Lighting LED products are of the solid state fluorescent lamp type which uses royal blue 450 nm LED encapsulated in a phosphor blend which glows yellow when struck with blue light. The pass-though blue and yellow from fluorescence forms white light. 

The energy content of white light from LED is extremely high in the deep blue light in 440-460nm range.. LEDs also have a distinctive spectral flaw between blue and green which includes turquoise, aqua, cyan etc.


----------



## LARMGUY (Aug 22, 2010)

Electric_Light said:


> There are very limited applications where LEDs are suitable such as outdoor lighting where color quality is only a moderate importance, or where highly saturated colors are needed for decorative purposes.
> 
> However, these are some applications where I recommend against currently available LED lighting products:
> 
> ...


Finally something I can understand!

Lightdude,
I'm trying to set up a small studio area for my artwork. I have a small 10 X 12 bedroom with offwhite walls.
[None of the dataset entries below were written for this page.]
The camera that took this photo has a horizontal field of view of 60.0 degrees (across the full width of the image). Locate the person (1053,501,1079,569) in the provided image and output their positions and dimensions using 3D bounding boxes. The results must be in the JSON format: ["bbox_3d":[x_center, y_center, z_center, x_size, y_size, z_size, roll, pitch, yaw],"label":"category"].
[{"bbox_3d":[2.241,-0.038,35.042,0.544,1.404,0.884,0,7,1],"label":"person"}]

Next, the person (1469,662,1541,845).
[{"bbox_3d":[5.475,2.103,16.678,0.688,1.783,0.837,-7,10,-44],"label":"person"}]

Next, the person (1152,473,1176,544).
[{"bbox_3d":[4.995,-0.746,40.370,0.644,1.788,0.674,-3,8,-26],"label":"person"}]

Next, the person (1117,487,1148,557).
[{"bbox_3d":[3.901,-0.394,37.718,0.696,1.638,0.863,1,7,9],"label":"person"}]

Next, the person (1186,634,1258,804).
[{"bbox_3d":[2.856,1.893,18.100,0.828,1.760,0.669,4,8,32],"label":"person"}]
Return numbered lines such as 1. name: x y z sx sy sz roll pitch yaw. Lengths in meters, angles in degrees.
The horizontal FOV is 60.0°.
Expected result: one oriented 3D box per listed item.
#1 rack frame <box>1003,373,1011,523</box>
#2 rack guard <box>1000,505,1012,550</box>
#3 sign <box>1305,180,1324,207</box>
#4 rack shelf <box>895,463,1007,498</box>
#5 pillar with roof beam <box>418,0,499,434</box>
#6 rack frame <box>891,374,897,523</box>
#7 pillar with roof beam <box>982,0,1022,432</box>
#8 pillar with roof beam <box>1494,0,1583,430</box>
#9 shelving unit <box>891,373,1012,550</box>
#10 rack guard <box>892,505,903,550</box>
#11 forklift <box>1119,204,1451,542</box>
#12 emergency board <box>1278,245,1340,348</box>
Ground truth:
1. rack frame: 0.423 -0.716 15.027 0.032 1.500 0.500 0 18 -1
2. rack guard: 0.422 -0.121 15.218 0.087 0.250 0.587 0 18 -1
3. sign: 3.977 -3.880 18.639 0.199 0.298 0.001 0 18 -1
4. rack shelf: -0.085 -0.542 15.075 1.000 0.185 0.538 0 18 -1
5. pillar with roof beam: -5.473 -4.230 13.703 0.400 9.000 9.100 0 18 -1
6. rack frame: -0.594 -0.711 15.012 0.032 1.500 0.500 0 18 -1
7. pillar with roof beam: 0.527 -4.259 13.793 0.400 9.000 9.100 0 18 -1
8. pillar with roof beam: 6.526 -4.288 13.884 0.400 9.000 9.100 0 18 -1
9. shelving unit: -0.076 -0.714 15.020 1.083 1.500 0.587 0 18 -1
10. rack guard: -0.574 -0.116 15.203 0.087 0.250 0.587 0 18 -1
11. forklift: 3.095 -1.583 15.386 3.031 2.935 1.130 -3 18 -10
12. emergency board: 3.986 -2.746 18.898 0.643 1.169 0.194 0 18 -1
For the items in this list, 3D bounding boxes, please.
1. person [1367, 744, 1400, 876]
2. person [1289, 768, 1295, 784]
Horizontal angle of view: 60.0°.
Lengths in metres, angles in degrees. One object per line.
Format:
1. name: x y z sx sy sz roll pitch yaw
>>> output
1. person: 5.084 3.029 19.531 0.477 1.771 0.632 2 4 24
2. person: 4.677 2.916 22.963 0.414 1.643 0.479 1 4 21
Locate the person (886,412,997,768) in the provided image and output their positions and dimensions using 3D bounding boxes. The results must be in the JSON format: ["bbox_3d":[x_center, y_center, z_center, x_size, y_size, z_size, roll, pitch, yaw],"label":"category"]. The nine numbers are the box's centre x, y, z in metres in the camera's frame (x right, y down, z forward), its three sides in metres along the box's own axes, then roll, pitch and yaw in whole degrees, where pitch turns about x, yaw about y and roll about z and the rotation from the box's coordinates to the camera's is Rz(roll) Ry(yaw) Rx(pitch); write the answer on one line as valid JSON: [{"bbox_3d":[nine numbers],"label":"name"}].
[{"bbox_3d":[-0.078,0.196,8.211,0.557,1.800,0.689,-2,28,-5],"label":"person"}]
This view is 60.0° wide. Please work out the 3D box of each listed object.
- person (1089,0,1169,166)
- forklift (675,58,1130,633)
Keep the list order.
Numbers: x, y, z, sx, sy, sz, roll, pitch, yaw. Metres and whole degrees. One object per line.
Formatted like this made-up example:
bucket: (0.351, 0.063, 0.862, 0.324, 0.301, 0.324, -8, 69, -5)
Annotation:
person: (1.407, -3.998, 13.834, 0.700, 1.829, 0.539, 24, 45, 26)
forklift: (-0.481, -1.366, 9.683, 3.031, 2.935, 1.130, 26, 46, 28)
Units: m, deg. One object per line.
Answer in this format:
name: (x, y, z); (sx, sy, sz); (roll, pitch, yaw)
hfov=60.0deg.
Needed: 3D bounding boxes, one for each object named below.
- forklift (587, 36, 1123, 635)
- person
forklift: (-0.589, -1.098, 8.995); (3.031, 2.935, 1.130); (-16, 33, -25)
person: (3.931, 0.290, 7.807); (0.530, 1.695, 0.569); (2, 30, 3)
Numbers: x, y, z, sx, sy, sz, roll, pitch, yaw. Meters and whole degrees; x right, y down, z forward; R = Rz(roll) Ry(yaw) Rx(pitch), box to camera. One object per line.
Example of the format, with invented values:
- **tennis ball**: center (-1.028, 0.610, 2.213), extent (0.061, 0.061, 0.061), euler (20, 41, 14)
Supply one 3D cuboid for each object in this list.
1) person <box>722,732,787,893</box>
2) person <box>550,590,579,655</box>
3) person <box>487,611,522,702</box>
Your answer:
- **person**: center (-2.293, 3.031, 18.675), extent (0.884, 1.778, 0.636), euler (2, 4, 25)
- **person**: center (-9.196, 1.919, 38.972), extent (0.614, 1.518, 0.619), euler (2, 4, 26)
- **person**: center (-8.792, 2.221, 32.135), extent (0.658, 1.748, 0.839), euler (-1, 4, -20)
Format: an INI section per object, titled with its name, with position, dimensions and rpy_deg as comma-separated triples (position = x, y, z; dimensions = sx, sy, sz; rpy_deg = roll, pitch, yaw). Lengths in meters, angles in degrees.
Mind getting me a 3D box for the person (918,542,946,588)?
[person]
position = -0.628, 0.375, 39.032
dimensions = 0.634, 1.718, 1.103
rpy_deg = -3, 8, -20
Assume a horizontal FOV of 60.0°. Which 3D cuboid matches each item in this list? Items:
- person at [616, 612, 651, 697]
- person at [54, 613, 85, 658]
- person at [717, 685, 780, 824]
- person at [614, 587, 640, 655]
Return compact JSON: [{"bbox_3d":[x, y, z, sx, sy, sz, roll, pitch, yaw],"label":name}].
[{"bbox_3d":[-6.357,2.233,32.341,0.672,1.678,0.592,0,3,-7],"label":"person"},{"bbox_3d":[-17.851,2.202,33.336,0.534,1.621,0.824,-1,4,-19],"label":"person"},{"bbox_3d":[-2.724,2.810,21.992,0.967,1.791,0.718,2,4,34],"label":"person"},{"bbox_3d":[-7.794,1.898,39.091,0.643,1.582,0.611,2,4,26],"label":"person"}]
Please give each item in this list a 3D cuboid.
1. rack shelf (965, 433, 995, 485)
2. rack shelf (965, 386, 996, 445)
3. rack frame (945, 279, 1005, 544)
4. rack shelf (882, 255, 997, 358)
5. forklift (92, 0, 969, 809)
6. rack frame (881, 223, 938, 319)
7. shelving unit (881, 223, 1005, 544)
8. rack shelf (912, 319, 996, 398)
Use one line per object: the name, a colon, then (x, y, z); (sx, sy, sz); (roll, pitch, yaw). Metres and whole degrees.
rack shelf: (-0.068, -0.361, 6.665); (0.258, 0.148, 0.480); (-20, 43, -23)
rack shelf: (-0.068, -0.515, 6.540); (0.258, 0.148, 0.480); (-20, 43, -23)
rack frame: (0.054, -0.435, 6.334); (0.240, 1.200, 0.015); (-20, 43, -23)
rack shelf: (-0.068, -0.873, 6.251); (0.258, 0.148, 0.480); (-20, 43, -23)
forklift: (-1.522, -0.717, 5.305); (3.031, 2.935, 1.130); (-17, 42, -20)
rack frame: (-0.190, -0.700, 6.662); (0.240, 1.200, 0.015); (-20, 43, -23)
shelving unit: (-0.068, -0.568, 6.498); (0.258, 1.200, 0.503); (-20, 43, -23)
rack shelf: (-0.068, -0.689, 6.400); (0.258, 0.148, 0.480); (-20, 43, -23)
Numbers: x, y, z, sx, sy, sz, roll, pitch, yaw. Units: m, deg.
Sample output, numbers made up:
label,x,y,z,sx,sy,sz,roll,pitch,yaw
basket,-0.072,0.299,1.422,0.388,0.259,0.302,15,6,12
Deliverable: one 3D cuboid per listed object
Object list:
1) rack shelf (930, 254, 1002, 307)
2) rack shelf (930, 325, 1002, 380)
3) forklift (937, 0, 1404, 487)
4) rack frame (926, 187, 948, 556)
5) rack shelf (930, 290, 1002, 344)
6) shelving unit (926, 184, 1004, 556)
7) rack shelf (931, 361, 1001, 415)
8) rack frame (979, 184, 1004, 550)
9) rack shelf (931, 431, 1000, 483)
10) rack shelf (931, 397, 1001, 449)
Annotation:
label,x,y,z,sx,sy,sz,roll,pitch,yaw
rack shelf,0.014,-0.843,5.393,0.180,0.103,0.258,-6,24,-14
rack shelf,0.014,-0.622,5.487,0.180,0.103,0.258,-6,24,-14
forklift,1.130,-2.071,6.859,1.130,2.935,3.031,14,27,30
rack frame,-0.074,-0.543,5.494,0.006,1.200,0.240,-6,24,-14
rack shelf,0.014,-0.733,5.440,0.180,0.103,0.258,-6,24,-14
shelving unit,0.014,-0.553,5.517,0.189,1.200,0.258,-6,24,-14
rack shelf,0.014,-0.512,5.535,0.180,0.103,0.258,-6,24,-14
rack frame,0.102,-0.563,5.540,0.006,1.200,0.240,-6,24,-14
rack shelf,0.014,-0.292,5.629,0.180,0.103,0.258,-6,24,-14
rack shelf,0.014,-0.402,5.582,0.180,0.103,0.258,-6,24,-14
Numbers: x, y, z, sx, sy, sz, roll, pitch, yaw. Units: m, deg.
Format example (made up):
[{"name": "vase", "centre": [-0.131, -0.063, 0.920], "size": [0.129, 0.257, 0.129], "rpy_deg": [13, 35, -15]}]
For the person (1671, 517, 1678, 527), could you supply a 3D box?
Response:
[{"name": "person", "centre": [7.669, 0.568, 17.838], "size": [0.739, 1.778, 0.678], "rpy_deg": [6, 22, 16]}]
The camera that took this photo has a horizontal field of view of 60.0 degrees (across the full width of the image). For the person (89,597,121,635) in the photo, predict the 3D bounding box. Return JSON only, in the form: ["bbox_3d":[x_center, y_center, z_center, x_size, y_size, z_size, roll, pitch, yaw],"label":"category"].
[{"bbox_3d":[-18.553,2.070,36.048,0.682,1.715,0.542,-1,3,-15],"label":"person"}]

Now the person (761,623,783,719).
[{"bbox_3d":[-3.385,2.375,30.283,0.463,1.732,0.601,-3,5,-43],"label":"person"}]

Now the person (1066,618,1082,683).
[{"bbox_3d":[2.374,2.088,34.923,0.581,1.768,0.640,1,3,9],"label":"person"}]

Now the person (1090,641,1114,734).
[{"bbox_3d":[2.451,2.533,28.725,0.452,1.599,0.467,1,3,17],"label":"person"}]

I only need about 1/4 to 1/2 of it to be illuminated for working. I thought of LED's but my dislike for their harshness and color changing capabilities and your post has changed this.

I have tried an Ott Light which is supposed to be full spectrum but I feel I get no full range of color. When I mix lamps I get spotty color.


----------



## LARMGUY (Aug 22, 2010)

What can I use to bring out the whites and the full color spectrum of my artwork?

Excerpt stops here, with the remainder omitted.